Du darfst nur Erdungen und die  Erdungsotentialausgleiche an der Potentialschiene Grün gelb machen.

Alles was keine direkte vorgeschriebene Erdung ist *darf nicht grün/gelb* sein.
Also:
-keien Kabelschirme
-keine Potentiale zum 0V der sekundärwicklung der Trafos
-keine Verbindung zum Neutralleiter
-keine semicunductor Poteniale
-usw. usw.

Falls ich heute Abend dran denke such eich dir die Din oder VDE schnell raus.

Grüsse


----------



## maxi (13 Mai 2008)

DIN VDE 0100-510 (HD 384.5.51 S2) Abschnit 514.3.1: 
Grün-Gelb muß zur Kennzeichnung des Schutzleiters und darf für keinen anderen Zweck verwendet 
werden. Dies ist der einzige anerkannte Farbcode zur Kennzeichnung des Schutzleiters. 

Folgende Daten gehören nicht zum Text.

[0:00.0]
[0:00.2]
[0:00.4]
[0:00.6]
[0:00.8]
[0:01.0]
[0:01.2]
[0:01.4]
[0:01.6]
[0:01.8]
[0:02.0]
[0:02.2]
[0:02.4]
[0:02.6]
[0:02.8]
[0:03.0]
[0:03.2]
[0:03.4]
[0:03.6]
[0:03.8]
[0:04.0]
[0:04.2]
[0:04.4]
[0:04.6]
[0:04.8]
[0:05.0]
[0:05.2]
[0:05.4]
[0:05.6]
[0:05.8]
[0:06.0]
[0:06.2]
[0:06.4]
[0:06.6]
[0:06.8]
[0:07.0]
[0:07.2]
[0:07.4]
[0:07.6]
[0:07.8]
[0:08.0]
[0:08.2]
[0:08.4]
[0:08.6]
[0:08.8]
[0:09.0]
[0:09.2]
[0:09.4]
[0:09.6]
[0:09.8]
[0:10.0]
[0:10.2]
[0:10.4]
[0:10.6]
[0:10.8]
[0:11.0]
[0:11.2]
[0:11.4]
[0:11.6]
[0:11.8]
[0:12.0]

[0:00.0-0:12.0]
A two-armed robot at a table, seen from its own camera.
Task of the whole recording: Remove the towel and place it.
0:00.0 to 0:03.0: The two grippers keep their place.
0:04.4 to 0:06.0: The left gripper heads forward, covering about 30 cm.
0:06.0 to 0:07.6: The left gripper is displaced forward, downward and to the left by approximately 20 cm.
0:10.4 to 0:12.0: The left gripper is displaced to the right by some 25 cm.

Hellblau ist für Neutralleiter bei Wechselstrom und Mittelleiter (Gleichstrom) vorgesehen. 
Wenn ein Stromkreis einen farblich gekennzeichneten Mittelleiter oder Neutralleiter enthält, 
muß die für diesen Zweck verwendete Farbe Hellblau sein. 

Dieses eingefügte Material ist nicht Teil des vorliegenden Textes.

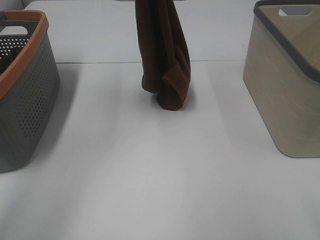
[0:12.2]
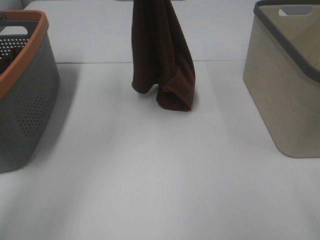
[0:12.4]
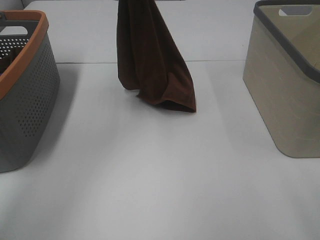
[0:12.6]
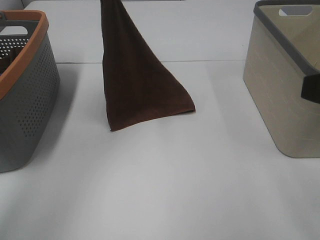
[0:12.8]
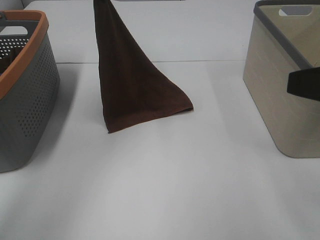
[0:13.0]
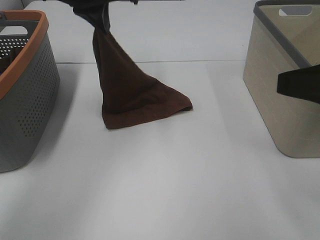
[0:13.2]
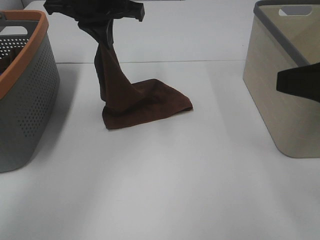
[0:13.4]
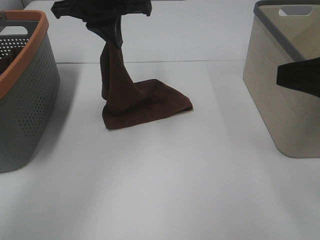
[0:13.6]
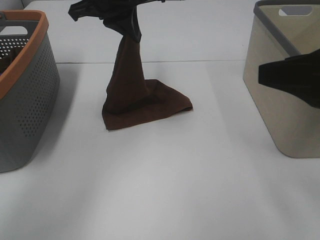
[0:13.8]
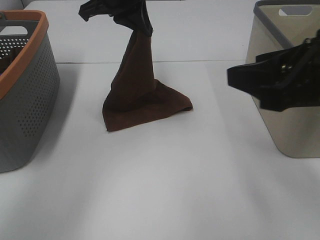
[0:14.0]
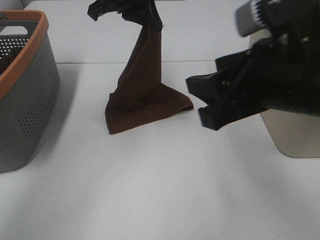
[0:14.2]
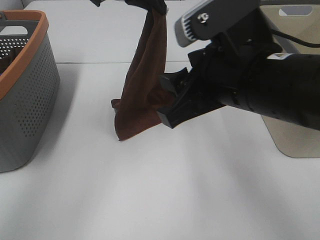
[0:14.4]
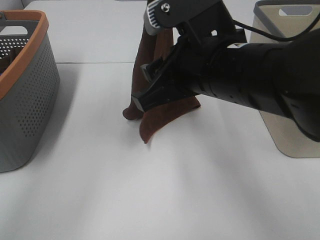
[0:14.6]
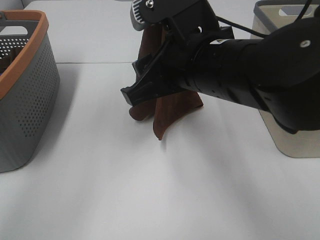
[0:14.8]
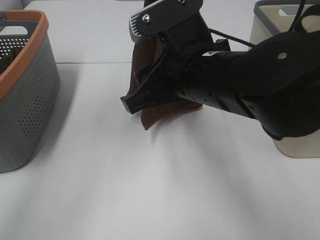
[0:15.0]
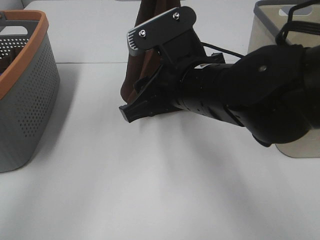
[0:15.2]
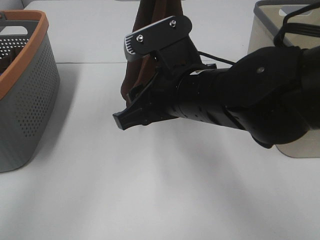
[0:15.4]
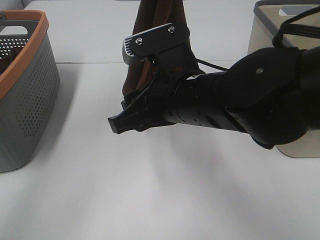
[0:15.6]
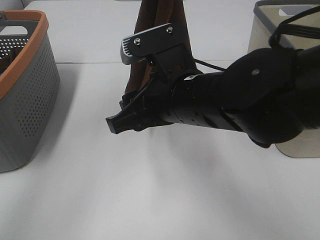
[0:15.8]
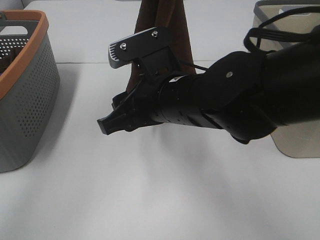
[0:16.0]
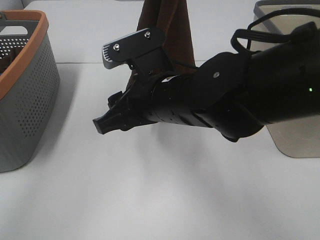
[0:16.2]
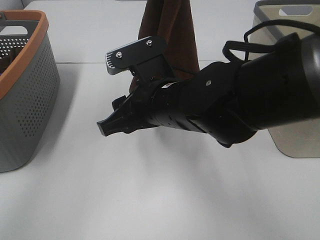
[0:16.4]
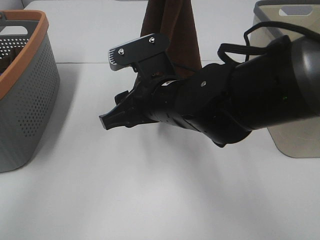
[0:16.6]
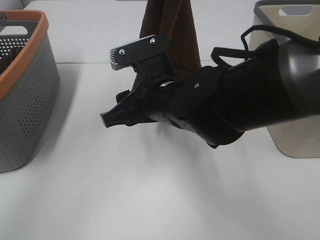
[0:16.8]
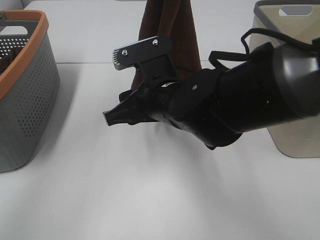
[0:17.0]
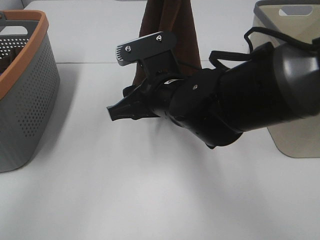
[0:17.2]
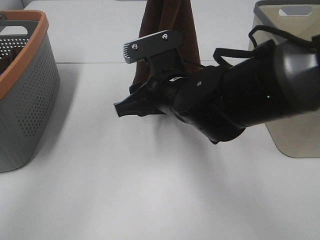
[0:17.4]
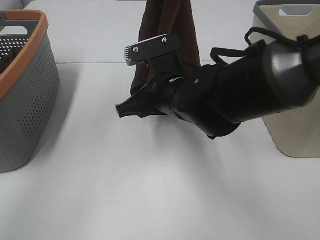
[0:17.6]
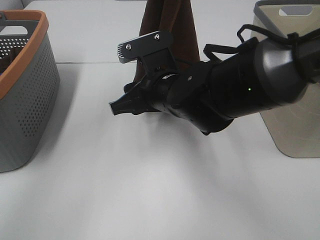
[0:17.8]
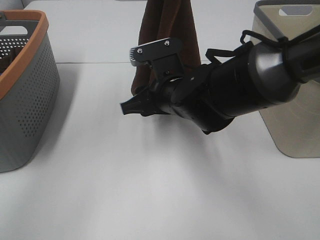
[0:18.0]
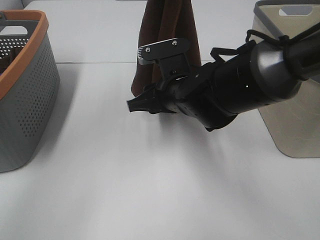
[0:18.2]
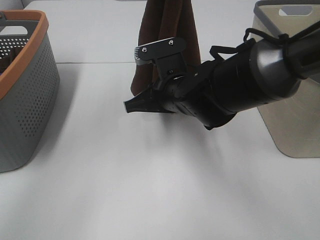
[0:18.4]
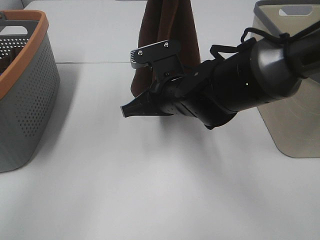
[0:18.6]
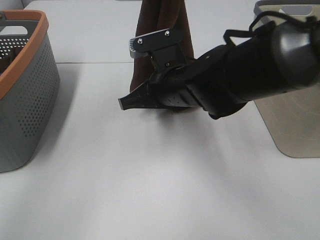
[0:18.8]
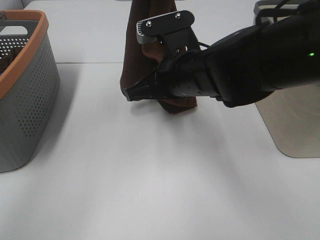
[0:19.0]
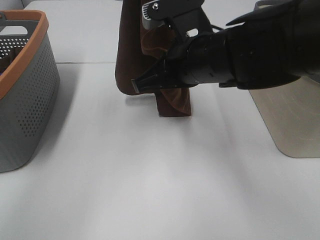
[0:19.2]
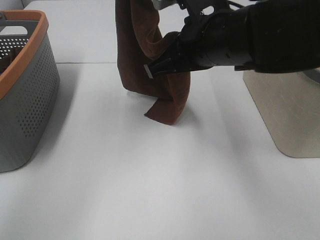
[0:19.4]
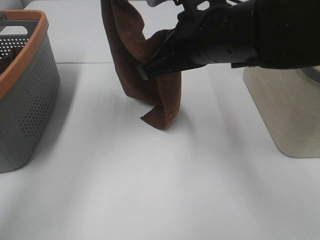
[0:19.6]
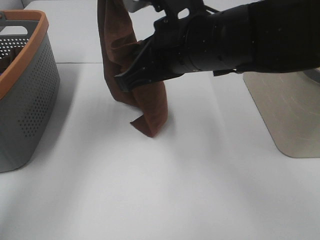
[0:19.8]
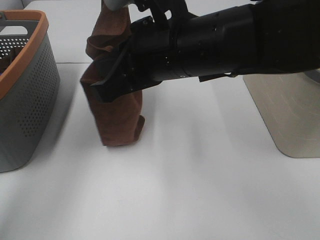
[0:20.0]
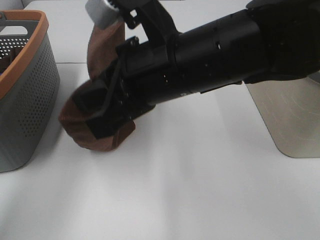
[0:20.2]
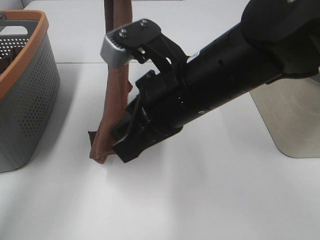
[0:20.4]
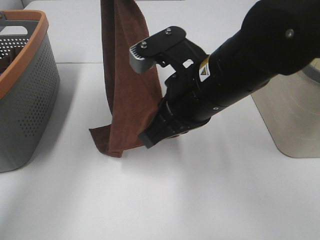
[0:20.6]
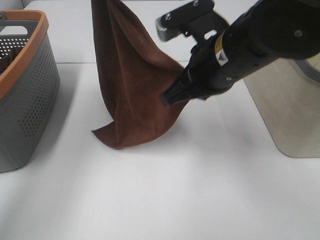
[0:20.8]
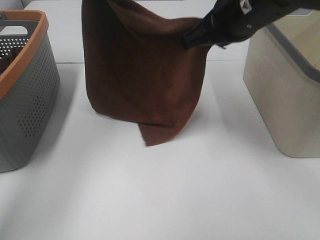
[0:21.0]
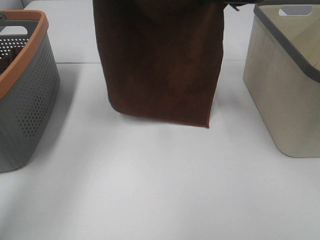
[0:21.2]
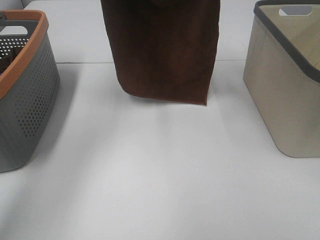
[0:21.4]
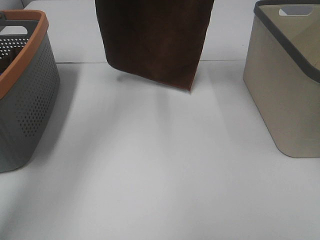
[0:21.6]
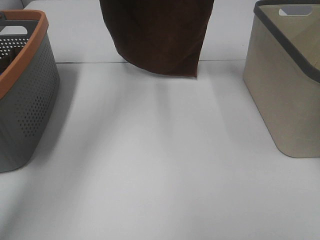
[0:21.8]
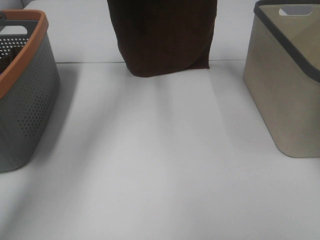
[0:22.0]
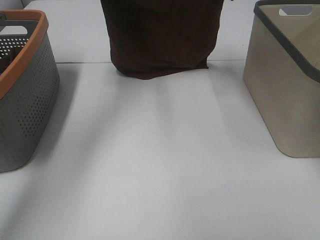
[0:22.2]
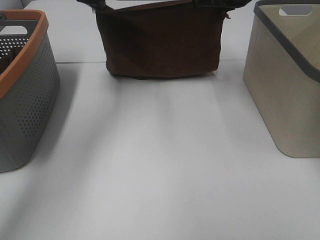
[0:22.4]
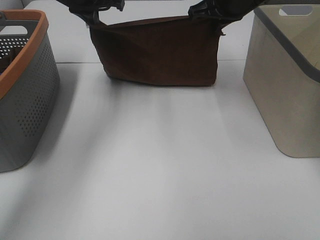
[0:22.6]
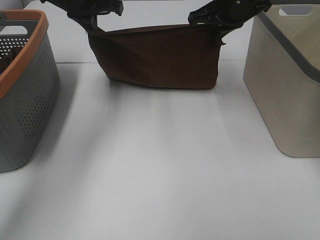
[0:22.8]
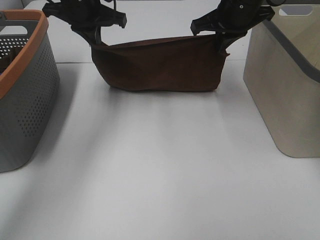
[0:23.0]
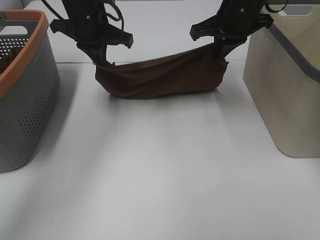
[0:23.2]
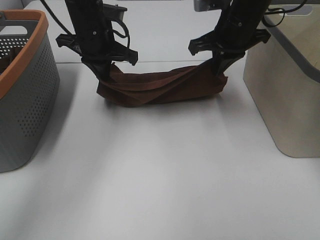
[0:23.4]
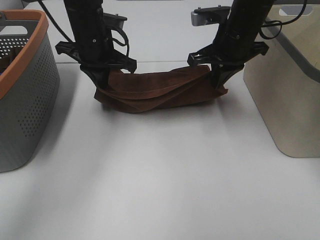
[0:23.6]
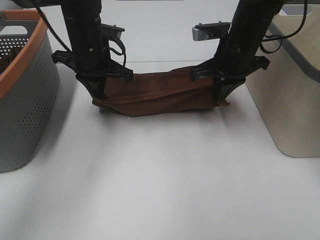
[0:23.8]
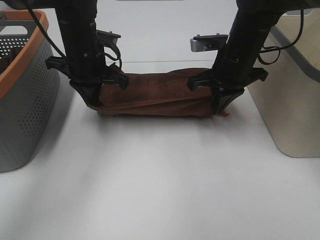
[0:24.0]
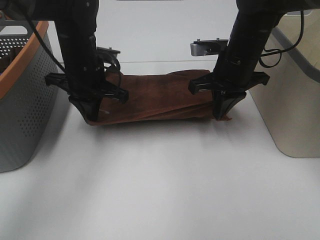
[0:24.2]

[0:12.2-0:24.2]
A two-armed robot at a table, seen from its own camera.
Task of the whole recording: Remove the towel and place it.
Step, 0:12.2 to 0:17.0: Right hand: grab a corner of the brown towel and straighten it.
Step, 0:17.2 to 0:19.8: Left hand: spread the brown towel flat on the table.
Step, 0:17.2 to 0:19.8: Right hand: spread the brown towel flat on the table.
0:12.2 to 0:13.8: The right gripper travels forward by some 15 cm, while the left gripper travels downward by roughly 10 cm.
0:13.8 to 0:15.2: The right gripper is displaced to the left by some 15 cm. The left gripper heads upward, covering roughly 10 cm.
0:15.2 to 0:16.6: The right gripper shifts by approximately 5 cm.
0:16.6 to 0:18.2: The right gripper heads forward, covering about 5 cm.
0:18.2 to 0:19.8: The right gripper travels upward and backward by approximately 10 cm, and closes its fingers. The left gripper shifts roughly 10 cm to the left.
0:19.8 to 0:21.2: The right gripper is displaced forward, to the right and upward by about 15 cm.
0:21.2 to 0:22.6: The right gripper heads forward and downward, covering about 10 cm; the left gripper heads downward, covering roughly 10 cm.
0:22.6 to 0:24.2: Both grippers travel together downward and backward, about 15 cm.

EN 60204-1 (VDE 0113 Teil 1) Kapitel 14.2 Identifizieren von Leitern 
Grün-Gelb und Hellblau werden wie oben behandelt. 
Zusätzlich: 

14.2.4 Identifizierung anderer Leiter 
Die Identifizierung anderer Leiter muß durch Farbe (entweder durchgängig oder mit einem oder mehreren 
Streifen), Ziffern, Alphanumerik oder aus einer Kombination von Farbe, Ziffern oder Alphanumerik erfolgen. Ziffern 
müssen arabisch, Buchstaben lateinisch sein (entweder Groß- oder Kleinbuchstaben). 

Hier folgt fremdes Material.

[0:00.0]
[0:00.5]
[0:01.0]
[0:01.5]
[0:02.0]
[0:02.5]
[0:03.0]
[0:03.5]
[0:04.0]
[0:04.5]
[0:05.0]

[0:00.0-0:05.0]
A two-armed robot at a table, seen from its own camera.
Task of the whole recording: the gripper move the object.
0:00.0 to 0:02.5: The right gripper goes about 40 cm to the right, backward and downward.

- SCHWARZ: Hauptstromkreise für Wechsel- und Gleichstrom; 
- ROT: Steuerstromkreise für Wechselstrom; 
- BLAU: Steuerstromkreise für Gleichstrom; 
- ORANGE: Verriegelungsstromkreise, die von einer externen Energieversorgung gespeist 

Ausnahmen zum vorher Genannten sind erlaubt, wo 
- Einzelgeräte, mit vollständiger Innenverdrahtung gekauft werden; 
- Isolierungen verwendet werden, die in den erforderlichen Farben nicht erhältlich sind, oder 
- Mehrleiterkabel und -leitungen verwendet werden, außer bei der Zweifarbenkombination GRÜN-GELB.


----------